[Data excerpts]

----------

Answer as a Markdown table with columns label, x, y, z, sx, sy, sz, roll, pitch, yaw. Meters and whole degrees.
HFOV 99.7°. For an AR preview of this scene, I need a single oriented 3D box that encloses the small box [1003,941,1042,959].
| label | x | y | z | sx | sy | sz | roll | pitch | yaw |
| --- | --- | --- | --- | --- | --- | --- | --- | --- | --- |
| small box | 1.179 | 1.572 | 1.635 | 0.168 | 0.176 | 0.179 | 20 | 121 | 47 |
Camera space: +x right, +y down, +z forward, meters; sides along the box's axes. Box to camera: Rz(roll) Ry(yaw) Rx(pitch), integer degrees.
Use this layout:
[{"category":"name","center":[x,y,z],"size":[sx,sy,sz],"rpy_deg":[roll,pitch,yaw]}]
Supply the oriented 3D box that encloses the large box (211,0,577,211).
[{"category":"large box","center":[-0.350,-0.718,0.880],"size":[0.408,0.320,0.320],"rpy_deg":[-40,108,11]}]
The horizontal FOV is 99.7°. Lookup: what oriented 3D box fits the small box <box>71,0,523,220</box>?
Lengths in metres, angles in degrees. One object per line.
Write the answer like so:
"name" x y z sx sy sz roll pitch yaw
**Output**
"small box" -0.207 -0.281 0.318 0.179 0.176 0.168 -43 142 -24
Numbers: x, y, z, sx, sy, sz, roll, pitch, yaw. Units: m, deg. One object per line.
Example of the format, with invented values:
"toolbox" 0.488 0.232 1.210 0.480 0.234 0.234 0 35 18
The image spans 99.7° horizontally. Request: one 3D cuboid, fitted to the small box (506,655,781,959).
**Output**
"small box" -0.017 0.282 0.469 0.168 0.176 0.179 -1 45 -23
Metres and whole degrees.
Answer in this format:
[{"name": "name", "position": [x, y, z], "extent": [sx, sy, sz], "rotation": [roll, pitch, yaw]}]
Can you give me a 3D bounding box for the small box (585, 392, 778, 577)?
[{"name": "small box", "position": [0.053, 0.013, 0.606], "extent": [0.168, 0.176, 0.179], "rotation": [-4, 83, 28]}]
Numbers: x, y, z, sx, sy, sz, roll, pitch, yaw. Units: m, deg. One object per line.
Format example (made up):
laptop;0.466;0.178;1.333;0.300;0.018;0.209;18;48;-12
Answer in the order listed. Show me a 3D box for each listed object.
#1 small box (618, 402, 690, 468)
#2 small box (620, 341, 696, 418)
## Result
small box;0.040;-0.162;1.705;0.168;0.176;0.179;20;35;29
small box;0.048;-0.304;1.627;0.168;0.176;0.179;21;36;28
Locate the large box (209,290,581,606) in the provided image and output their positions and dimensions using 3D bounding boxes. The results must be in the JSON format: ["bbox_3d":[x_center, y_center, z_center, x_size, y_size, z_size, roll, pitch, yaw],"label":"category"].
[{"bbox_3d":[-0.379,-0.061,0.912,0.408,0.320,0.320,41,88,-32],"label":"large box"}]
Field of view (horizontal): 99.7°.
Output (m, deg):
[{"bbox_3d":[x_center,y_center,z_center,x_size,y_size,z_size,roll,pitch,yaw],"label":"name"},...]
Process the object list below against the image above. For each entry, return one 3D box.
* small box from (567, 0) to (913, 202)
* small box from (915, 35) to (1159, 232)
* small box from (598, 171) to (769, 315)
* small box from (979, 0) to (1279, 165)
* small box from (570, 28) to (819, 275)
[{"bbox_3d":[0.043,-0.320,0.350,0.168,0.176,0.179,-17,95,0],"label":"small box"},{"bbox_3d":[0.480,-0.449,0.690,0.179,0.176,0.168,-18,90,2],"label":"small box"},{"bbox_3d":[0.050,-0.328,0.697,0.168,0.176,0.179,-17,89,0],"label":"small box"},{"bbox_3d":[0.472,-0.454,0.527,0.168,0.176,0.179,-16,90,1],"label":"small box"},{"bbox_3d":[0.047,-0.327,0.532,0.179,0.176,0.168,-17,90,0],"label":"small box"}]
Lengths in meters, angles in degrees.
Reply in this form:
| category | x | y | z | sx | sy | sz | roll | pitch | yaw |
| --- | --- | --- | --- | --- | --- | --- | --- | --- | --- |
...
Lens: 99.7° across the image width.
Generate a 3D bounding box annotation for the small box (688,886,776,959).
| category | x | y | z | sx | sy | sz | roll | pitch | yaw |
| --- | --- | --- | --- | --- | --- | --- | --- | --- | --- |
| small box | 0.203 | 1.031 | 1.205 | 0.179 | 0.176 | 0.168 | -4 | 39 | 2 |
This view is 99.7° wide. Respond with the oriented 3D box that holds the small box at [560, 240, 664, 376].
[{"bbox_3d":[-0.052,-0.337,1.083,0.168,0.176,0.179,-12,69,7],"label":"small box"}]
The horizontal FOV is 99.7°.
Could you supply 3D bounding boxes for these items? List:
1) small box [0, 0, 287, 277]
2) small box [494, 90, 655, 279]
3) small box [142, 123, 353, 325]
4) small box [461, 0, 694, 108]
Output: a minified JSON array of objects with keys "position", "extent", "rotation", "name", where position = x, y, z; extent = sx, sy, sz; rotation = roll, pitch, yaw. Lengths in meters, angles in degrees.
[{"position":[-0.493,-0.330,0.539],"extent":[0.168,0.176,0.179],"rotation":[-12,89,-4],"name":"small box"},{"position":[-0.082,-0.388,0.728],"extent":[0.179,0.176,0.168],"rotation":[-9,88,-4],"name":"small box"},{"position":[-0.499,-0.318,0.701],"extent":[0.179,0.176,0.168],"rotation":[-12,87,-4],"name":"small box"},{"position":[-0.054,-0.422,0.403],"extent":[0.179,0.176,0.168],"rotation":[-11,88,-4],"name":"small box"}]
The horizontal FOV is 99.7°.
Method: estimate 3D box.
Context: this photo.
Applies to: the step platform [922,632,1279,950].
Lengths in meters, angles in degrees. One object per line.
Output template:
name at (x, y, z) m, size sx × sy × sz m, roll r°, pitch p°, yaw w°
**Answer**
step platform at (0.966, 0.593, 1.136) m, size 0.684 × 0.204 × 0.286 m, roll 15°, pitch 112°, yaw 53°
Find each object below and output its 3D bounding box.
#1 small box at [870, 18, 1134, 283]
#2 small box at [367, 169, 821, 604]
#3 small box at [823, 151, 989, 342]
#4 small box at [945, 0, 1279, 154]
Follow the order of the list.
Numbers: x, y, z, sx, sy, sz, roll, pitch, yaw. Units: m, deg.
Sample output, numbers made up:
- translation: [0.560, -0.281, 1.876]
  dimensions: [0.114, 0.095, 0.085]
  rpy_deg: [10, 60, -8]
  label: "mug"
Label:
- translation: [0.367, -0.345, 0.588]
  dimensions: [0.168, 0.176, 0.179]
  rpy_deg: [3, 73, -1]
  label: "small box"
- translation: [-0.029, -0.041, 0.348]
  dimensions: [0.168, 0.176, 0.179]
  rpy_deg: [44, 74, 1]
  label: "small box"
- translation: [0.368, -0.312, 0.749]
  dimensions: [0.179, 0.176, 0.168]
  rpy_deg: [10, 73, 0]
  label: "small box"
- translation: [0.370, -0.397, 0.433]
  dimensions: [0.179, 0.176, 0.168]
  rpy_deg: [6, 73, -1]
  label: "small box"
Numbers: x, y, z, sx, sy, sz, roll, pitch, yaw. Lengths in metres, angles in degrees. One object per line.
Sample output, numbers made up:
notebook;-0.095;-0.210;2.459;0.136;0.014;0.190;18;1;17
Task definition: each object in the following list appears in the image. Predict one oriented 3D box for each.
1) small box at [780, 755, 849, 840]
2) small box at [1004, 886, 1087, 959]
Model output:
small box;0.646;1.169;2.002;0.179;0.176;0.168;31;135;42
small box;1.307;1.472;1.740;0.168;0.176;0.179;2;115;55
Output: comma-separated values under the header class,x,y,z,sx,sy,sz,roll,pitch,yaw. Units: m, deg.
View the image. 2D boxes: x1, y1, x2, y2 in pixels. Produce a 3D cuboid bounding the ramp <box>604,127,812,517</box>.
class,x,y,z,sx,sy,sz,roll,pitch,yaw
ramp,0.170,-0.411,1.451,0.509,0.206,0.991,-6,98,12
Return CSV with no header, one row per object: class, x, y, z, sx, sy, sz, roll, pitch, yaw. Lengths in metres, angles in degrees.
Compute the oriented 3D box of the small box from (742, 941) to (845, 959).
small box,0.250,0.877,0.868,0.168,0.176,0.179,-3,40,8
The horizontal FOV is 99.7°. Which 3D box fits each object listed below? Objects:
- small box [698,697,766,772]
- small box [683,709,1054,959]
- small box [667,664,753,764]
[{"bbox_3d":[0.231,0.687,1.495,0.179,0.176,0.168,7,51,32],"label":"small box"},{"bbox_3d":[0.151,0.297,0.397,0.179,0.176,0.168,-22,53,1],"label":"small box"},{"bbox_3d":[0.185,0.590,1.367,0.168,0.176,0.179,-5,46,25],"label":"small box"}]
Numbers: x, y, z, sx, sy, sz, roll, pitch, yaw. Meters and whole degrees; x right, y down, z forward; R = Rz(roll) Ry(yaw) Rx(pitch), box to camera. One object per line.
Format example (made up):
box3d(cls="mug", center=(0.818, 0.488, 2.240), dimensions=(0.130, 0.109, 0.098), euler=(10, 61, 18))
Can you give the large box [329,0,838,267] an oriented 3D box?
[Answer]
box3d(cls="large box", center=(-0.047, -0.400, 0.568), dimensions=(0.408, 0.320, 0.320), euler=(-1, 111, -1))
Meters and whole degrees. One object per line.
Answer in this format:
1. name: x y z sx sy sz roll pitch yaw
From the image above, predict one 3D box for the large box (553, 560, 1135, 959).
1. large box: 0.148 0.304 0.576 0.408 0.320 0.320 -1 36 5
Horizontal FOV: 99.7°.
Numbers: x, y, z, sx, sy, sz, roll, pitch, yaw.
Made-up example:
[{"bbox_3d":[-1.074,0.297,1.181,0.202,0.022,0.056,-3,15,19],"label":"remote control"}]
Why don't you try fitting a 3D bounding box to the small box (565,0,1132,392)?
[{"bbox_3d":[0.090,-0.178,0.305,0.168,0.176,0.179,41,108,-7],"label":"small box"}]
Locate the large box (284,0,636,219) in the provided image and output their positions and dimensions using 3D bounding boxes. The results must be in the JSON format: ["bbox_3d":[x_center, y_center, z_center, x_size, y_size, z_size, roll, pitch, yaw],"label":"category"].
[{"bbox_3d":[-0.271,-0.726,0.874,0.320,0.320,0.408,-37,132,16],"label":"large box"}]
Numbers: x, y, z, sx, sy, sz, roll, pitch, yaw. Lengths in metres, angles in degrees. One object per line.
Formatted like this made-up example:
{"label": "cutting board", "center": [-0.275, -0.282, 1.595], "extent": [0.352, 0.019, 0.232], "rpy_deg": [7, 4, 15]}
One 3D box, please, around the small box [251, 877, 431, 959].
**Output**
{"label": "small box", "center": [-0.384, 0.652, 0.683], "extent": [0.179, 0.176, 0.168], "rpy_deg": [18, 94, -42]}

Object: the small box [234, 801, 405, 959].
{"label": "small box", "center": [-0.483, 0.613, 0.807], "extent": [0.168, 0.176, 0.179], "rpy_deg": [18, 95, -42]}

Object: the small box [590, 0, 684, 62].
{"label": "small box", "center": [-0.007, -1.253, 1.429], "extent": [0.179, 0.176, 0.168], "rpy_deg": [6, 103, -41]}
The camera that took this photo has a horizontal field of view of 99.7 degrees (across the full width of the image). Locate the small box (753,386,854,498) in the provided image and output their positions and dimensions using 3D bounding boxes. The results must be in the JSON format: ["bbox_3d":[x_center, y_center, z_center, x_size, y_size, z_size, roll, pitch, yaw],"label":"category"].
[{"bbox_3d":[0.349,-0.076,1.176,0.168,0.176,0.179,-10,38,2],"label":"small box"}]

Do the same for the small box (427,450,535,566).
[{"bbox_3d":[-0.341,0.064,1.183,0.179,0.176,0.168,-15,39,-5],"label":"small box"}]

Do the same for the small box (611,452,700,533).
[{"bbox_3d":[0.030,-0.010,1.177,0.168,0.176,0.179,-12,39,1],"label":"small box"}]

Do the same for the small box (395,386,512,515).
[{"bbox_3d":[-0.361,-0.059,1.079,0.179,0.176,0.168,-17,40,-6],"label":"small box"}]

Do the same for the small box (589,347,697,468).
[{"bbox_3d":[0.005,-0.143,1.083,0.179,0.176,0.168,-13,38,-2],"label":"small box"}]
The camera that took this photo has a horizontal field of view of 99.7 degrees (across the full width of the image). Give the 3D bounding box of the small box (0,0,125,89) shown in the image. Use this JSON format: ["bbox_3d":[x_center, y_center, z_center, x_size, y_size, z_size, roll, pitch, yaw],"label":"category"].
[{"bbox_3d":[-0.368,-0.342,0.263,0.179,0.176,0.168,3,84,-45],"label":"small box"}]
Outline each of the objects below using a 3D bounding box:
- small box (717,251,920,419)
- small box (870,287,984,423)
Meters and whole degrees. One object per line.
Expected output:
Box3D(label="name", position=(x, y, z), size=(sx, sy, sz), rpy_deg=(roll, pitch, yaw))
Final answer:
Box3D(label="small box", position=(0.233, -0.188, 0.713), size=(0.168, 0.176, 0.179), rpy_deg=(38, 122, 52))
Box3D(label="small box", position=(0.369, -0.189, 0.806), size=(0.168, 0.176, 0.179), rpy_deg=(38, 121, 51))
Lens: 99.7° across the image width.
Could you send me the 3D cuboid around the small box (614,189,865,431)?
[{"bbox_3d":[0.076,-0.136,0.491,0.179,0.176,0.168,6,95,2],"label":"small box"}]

----------

* _BRIEF_: Could you return all lines from the records that include the word "values"?

* _THE ANSWER_:
Example of the format, with invented values:
Output: comma-separated values under the header class,x,y,z,sx,sy,sz,roll,pitch,yaw. Units: m, deg.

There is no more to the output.